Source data
▬▬▬
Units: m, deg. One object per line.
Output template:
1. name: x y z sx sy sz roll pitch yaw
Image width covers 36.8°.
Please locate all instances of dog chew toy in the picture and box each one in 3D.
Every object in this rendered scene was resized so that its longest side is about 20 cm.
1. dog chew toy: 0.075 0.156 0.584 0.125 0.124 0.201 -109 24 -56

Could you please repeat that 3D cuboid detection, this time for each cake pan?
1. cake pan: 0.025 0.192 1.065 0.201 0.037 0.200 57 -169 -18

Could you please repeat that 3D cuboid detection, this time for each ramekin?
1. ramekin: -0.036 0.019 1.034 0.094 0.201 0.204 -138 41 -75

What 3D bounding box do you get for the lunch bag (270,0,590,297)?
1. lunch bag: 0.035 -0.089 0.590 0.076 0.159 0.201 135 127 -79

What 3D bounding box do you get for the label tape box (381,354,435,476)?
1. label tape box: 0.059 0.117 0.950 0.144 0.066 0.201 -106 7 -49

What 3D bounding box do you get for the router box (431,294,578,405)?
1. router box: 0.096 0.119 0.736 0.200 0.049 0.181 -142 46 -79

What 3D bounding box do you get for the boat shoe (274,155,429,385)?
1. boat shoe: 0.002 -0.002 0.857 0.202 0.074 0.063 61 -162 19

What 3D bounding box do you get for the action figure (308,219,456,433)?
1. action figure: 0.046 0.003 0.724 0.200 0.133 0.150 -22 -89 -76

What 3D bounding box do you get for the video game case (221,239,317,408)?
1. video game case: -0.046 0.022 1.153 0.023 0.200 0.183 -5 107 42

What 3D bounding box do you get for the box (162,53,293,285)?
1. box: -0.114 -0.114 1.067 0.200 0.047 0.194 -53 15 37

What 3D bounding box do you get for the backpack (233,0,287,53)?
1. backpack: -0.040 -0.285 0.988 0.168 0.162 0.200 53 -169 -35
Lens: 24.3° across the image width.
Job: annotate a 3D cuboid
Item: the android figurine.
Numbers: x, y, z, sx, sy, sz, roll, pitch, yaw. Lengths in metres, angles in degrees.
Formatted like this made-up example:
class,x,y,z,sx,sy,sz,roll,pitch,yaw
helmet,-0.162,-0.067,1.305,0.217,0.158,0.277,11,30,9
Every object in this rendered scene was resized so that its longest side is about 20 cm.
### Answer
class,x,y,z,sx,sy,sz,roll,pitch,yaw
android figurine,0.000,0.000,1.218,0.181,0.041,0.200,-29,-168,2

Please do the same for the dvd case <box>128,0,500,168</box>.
▬▬▬
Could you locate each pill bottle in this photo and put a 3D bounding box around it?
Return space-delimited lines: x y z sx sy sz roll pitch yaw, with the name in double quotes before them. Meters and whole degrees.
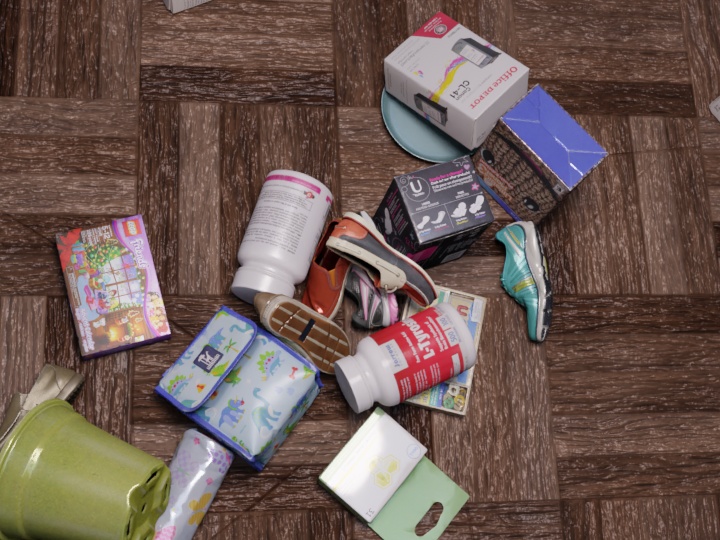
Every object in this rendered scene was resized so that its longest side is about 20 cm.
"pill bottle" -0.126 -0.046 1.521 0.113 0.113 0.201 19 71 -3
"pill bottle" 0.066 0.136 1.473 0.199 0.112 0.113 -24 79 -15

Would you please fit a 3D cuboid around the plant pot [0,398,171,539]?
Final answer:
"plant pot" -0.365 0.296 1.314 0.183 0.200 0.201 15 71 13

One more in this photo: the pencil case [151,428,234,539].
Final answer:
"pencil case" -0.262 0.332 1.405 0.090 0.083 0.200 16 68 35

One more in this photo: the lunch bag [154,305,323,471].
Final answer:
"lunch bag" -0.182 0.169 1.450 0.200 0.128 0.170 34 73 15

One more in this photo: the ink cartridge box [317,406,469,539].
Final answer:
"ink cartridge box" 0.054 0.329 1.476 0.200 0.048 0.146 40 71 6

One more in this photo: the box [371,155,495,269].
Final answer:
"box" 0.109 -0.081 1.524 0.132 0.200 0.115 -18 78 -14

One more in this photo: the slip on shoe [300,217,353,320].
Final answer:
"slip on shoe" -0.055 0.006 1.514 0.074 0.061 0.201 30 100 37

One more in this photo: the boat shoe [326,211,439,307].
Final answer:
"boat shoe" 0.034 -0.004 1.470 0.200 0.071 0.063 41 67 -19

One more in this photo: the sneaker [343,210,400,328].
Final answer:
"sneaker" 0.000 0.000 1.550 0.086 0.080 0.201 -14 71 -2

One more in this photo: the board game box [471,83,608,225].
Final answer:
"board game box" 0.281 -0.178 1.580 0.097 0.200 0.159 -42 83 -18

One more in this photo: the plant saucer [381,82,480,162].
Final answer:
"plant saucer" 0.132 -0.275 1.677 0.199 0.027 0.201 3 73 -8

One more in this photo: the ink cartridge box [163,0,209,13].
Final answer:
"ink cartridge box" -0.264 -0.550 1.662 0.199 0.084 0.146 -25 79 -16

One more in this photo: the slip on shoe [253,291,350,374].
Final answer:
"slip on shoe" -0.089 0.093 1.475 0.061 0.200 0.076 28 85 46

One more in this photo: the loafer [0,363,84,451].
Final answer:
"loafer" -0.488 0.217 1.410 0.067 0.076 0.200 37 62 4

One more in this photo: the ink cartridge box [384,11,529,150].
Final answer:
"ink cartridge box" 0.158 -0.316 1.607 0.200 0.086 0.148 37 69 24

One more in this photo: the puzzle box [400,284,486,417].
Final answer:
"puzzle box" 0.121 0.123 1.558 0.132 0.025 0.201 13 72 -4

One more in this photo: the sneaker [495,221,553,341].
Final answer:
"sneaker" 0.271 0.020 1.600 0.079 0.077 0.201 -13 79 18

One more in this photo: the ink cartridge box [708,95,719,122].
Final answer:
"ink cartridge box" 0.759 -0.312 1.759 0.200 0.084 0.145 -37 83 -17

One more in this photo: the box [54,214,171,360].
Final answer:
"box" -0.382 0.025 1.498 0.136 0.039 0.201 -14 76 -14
▬▬▬
Activity: Each line containing the word "width" needs to be copied from the data above.

Answer below:
Image width covers 36.8°.
Lens: 24.3° across the image width.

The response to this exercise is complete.